What you are asked to do: Report all lines of the records that contain "small".

◆ ◆ ◆ ◆ ◆ ◆ ◆

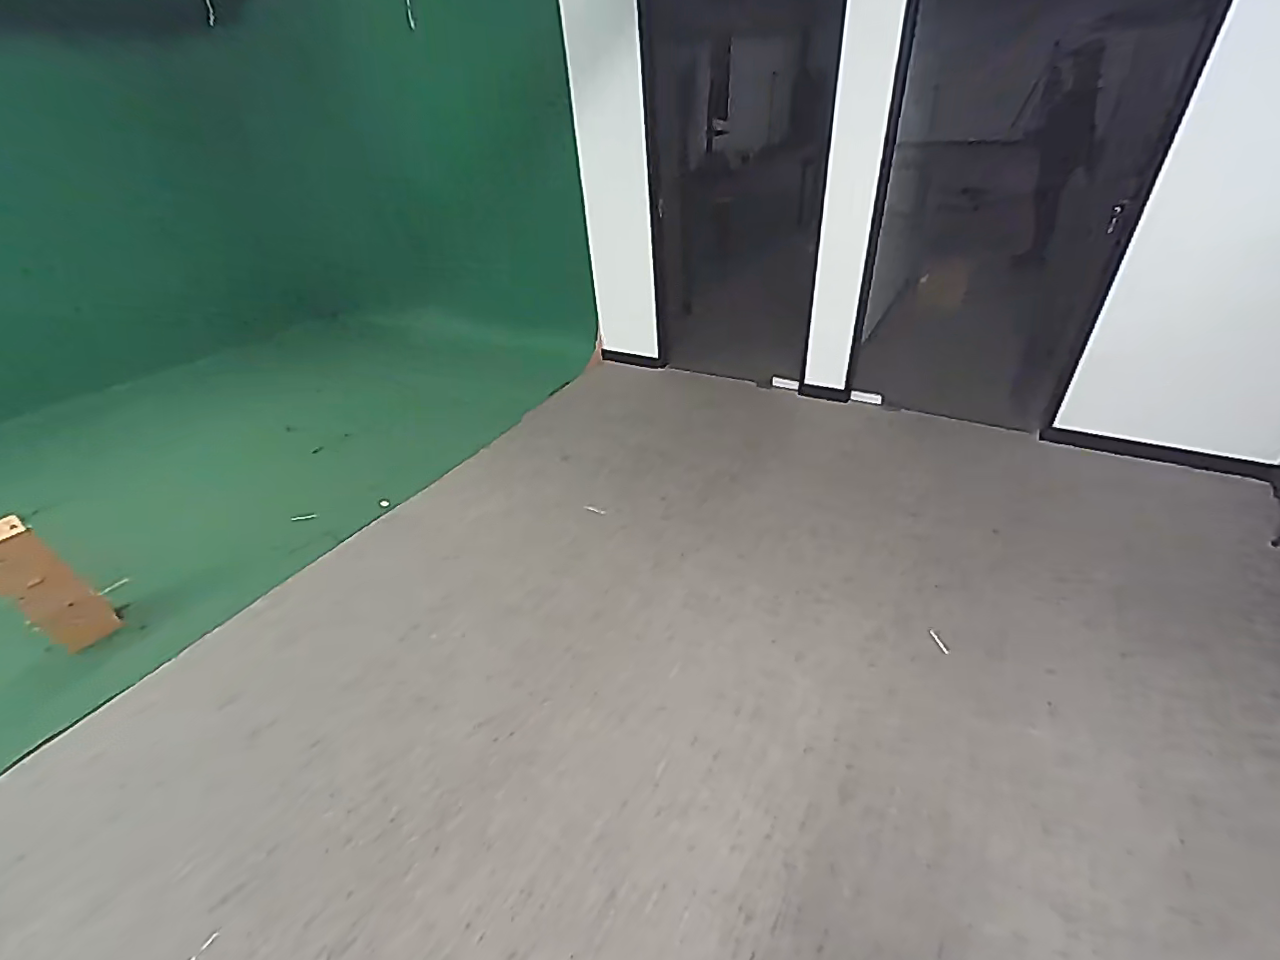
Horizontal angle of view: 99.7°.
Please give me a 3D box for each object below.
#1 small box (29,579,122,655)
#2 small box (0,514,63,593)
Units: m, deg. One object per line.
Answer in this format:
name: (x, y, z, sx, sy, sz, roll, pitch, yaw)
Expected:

◆ ◆ ◆ ◆ ◆ ◆ ◆

Answer section:
#1 small box (29,579,122,655)
#2 small box (0,514,63,593)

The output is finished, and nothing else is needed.